Their White House-commissioned report is now being reviewed by the president as he prepares to face European leaders angered by his attack on the Kyoto Protocol on climate change. A panel from the National Academy of Sciences said a leading cause is emissions of carbon dioxide from burning fossil fuels. Correspondents say this could put pressure on the administration to shift its position on global warming.
"Temperatures are, in fact, rising," the panel warned. "Greenhouse gases are accumulating in the earth's atmosphere as a result of human activities, causing surface air temperatures and subsurface ocean temperatures to rise," the report said. It warned that "national policy decisions made now and in the longer-term future will influence the extent of any damage suffered by vulnerable human populations and ecosystems later in this century". White House response Next week, Mr Bush will meet European Union leaders in Gothenburg, Sweden, where he hopes to present an alternative to the Kyoto agreement that he denounced in March. Responding to the report, National Security Advisor Condoleezza Rice said Mr Bush "takes extremely seriously what we do know about climate change, which is essentially that there is warming taking place".
Ms Rice is seen as part of a group of White House insiders sympathetic to environmental concerns. These include Secretary of State Colin Powell, Treasury Secretary Paul O'Neill, and Environmental Protection Agency Administrator Christine Whitman.
Kyoto objections In her statements to reporters, Ms Rice reiterated the reasons that the Bush administration - like the US Senate - rejected Kyoto. "One would want to be certain that developing countries were accounted for in some way, that technology and science really ought to be important parts of this answer, that we cannot do something that damages the American economy or other economies because growth is also important."

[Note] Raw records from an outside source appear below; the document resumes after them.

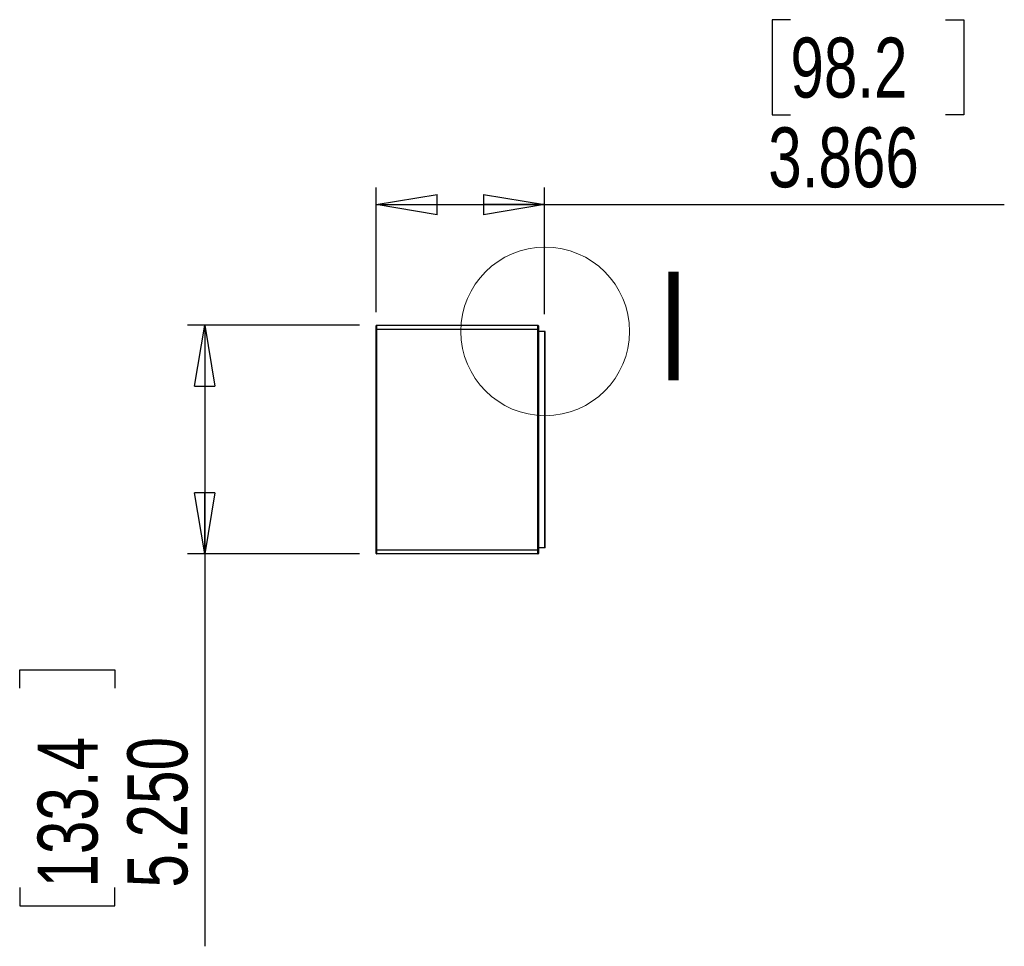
# Paper-space layout 'P3m-LR' of a CAD drawing. Header units: inches. Extents: x 0.3 to 33.8, y 0.2 to 21.7.
# Tile 24 of 59: x 16.4 to 18.7, y 8.4 to 10.5. Entities that reach past the tile are written whole.
import ezdxf

# ---------------------------------------------------------------- set-up
doc = ezdxf.new("R2010")
doc.units = ezdxf.units.IN
doc.header["$MEASUREMENT"] = 0
doc.layers.add('BORDERS', color=7, linetype='Continuous')
doc.styles.add('SLDTEXTSTYLE0', font='TXT', dxfattribs={"width": 0.75})
doc.dimstyles.new('SLDDIMSTYLE0', dxfattribs={"dimtxt": 0.137795, "dimasz": 0.14, "dimexe": 0, "dimexo": 0.0625, "dimgap": 0.034449, "dimtad": 1, "dimdec": 3, "dimlfac": 10, "dimrnd": 1e-09, "dimzin": 4, "dimdsep": 46, "dimtxsty": 'SLDTEXTSTYLE0', "dimblk1": 'CLOSED', "dimblk2": 'CLOSED', "dimsah": 1, "dimcen": 0.09, "dimadec": 0, "dimazin": 1, "dimtfac": 1, "dimtdec": 3, "dimtofl": 0, "dimtmove": 0, "dimatfit": 3, "dimldrblk": 'CLOSED', "dimfxl": 0, "dimfrac": 2, "dimtolj": 1, "dimtzin": 12, "dimarcsym": 0})
doc.dimstyles.new('SLDDIMSTYLE2', dxfattribs={"dimtxt": 0.137795, "dimasz": 0.14, "dimexe": 0, "dimexo": 0.0625, "dimgap": 0.034449, "dimtad": 1, "dimdec": 3, "dimlfac": 10, "dimrnd": 1e-09, "dimzin": 12, "dimdsep": 46, "dimtxsty": 'SLDTEXTSTYLE0', "dimblk1": 'CLOSED', "dimblk2": 'CLOSED', "dimsah": 1, "dimcen": 0.09, "dimadec": 0, "dimazin": 3, "dimtfac": 1, "dimtdec": 3, "dimtofl": 0, "dimtmove": 0, "dimatfit": 3, "dimldrblk": 'CLOSED', "dimfxl": 0, "dimfrac": 2, "dimtolj": 1, "dimtzin": 12, "dimarcsym": 0})

# ---------------------------------------------------------------- blocks, each defined once
blk = doc.blocks.new('_Closed')
at = {"color": 0, "linetype": 'ByBlock', "lineweight": -2}
for p, q in [((-1, 0.166667), (0, 0)), ((-1, 0.166667), (-1, -0.166667)), ((0, 0), (-1, -0.166667)), ((0, 0), (-1, 0))]:
    blk.add_line(p, q, dxfattribs=at)
blk = doc.blocks.new('_D_19')
at = {"layer": 'BORDERS'}
for p, q in [((17.2106, 9.843), (16.8159, 9.843)), ((16.8553, 9.843), (16.8553, 9.318)), ((17.2106, 9.318), (16.8159, 9.318)), ((16.8553, 9.318), (16.8553, 8.4165)), ((16.4304, 9.0095), (16.4304, 9.0515)), ((16.4304, 9.0515), (16.6491, 9.0515)), ((16.6491, 9.0515), (16.6491, 9.0095)), ((16.4304, 8.5514), (16.4304, 8.5094)), ((16.6491, 8.5094), (16.6491, 8.5514)), ((16.4304, 8.5094), (16.6491, 8.5094))]:
    blk.add_line(p, q, dxfattribs=at)
at = {"layer": 'BORDERS', "xscale": 0.14, "yscale": 0.14}
for p, rotation in [((16.8553, 9.843), 90.00000000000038), ((16.8553, 9.318), 270.0000000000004)]:
    blk.add_blockref('_Closed', p, dxfattribs=dict(at, rotation=rotation))
at = {"layer": 'BORDERS', "char_height": 0.1378, "attachment_point": 1, "rotation": 90, "style": 'SLDTEXTSTYLE0'}
for s, insert in [('133.4', (16.4715, 8.5514)), ('5.250', (16.6776, 8.5514))]:
    blk.add_mtext(s, dxfattribs=dict(at, insert=insert))
blk = doc.blocks.new('_D_20')
at = {"layer": 'BORDERS'}
for p, q in [((18.2002, 10.545), (18.1582, 10.545)), ((18.1582, 10.545), (18.1582, 10.3263)), ((18.5566, 10.545), (18.5985, 10.545)), ((18.5985, 10.545), (18.5985, 10.3263)), ((18.1582, 10.3263), (18.2002, 10.3263)), ((18.5985, 10.3263), (18.5566, 10.3263)), ((17.249, 9.873), (17.249, 10.1595)), ((17.6356, 9.8684), (17.6356, 10.1595)), ((17.249, 10.1201), (17.6356, 10.1201)), ((17.6356, 10.1201), (18.6914, 10.1201))]:
    blk.add_line(p, q, dxfattribs=at)
at = {"layer": 'BORDERS', "xscale": 0.14, "yscale": 0.14, "rotation": 180.0000000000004}
blk.add_blockref('_Closed', (17.249, 10.1201), dxfattribs=at)
at = {"layer": 'BORDERS', "xscale": 0.14, "yscale": 0.14}
blk.add_blockref('_Closed', (17.6356, 10.1201), dxfattribs=at)
at = {"layer": 'BORDERS', "char_height": 0.1378, "attachment_point": 1, "style": 'SLDTEXTSTYLE0'}
for s, insert in [('98.2', (18.2002, 10.5039)), ('3.866', (18.1493, 10.2977))]:
    blk.add_mtext(s, dxfattribs=dict(at, insert=insert))

psp = doc.layouts.new('P3m-LR')

# ---------------------------------------------------------------- linework, layer by layer
at = {"color": 7, "linetype": 'Continuous', "lineweight": 25}
for p, q in [((17.24898, 9.83367), (17.24898, 9.84205)), ((17.24998, 9.84305), (17.24998, 9.83367)), ((17.24998, 9.84305), (17.62048, 9.84305)), ((17.62048, 9.83367), (17.62048, 9.84305)), ((17.62148, 9.84205), (17.62148, 9.83367)), ((17.24898, 9.83367), (17.24998, 9.83367)), ((17.24898, 9.32742), (17.24898, 9.83367)), ((17.62048, 9.83367), (17.24998, 9.83367)), ((17.24998, 9.83367), (17.24998, 9.32742)), ((17.62048, 9.32742), (17.62048, 9.83367)), ((17.62048, 9.83367), (17.62148, 9.83367)), ((17.62148, 9.83367), (17.62148, 9.32742)), ((17.63558, 9.82905), (17.62148, 9.82905)), ((17.63558, 9.82905), (17.63558, 9.33205)), ((17.63705, 9.82905), (17.63558, 9.82905)), ((17.63705, 9.33205), (17.63705, 9.82905)), ((17.24898, 9.31905), (17.24898, 9.32742)), ((17.24898, 9.32742), (17.24998, 9.32742)), ((17.24998, 9.32742), (17.24998, 9.31805)), ((17.24998, 9.32742), (17.62048, 9.32742)), ((17.62048, 9.31805), (17.24998, 9.31805)), ((17.62048, 9.31805), (17.62048, 9.32742)), ((17.62048, 9.32742), (17.62148, 9.32742)), ((17.63558, 9.33205), (17.62148, 9.33205)), ((17.62148, 9.32742), (17.62148, 9.31905)), ((17.63705, 9.33205), (17.63558, 9.33205))]:
    psp.add_line(p, q, dxfattribs=at)
at = {"color": 7, "linetype": 'Continuous', "lineweight": 18}
psp.add_circle((17.63705, 9.82905), 0.19368, dxfattribs=at)
at = {"color": 7, "linetype": 'Continuous', "lineweight": 25}
for centre, start, end in [((17.24998, 9.84205), 90, 180), ((17.62048, 9.84205), 0, 90), ((17.24998, 9.31905), 180, 270), ((17.62048, 9.31905), 270, 0)]:
    psp.add_arc(centre, 0.001, start, end, dxfattribs=at)

# ---------------------------------------------------------------- texts
at = {"color": 7, "linetype": 'Continuous', "lineweight": 18, "insert": (17.89678, 9.96633), "char_height": 0.25, "attachment_point": 1, "style": 'SLDTEXTSTYLE0'}
psp.add_mtext('I', dxfattribs=at)

# ---------------------------------------------------------------- dimensions: what is measured, and where the dimension line sits
at = {"layer": 'BORDERS'}
dim = psp.add_linear_dim(base=(17.63558, 10.12009), p1=(17.24898, 9.83367), p2=(17.63558, 9.82905), dimstyle='SLDDIMSTYLE2', dxfattribs=at)
dim.commit()
dim.dimension.update_dxf_attribs({"geometry": '_D_20', "text_midpoint": (18.37838, 10.12009), "dimtype": 160})
dim = psp.add_linear_dim(base=(16.85528, 9.31805), p1=(17.24998, 9.84305), p2=(17.24998, 9.31805), angle=90, dimstyle='SLDDIMSTYLE0', dxfattribs=at)
dim.commit()
dim.dimension.update_dxf_attribs({"geometry": '_D_19', "text_midpoint": (16.85528, 8.78045), "dimtype": 160})

doc.saveas('drawing.dxf')

Reports suggest that such a proposal might include voluntary measures for reducing emissions, preserving forests and farms that can absorb greenhouse gases, and emissions credits that could be traded from clean industries to polluting ones. Mr Bush's spokesman said any proposals presented in Sweden would be general rather than specific. Swedish Environment Minister Kjell Larsson, whose country holds the rotating presidency of the EU, told the BBC he not believe a plan that did not include mandatory targets would automatically be acceptable to the EU. "I don't believe there is any kind of voluntary system that could be satisfactory. This is too big, too general an issue to be dealt with by voluntary agreement," he said. No recommendations The National Academy of Sciences was not asked to recommend policies, and did not do so. The panel of 11 scientists produced its 24-page report in less than a month.
"They asked a string of questions that might have been appropriate in 1990," the unnamed scientist said. "Where have you been the last decade?" he asked the administration.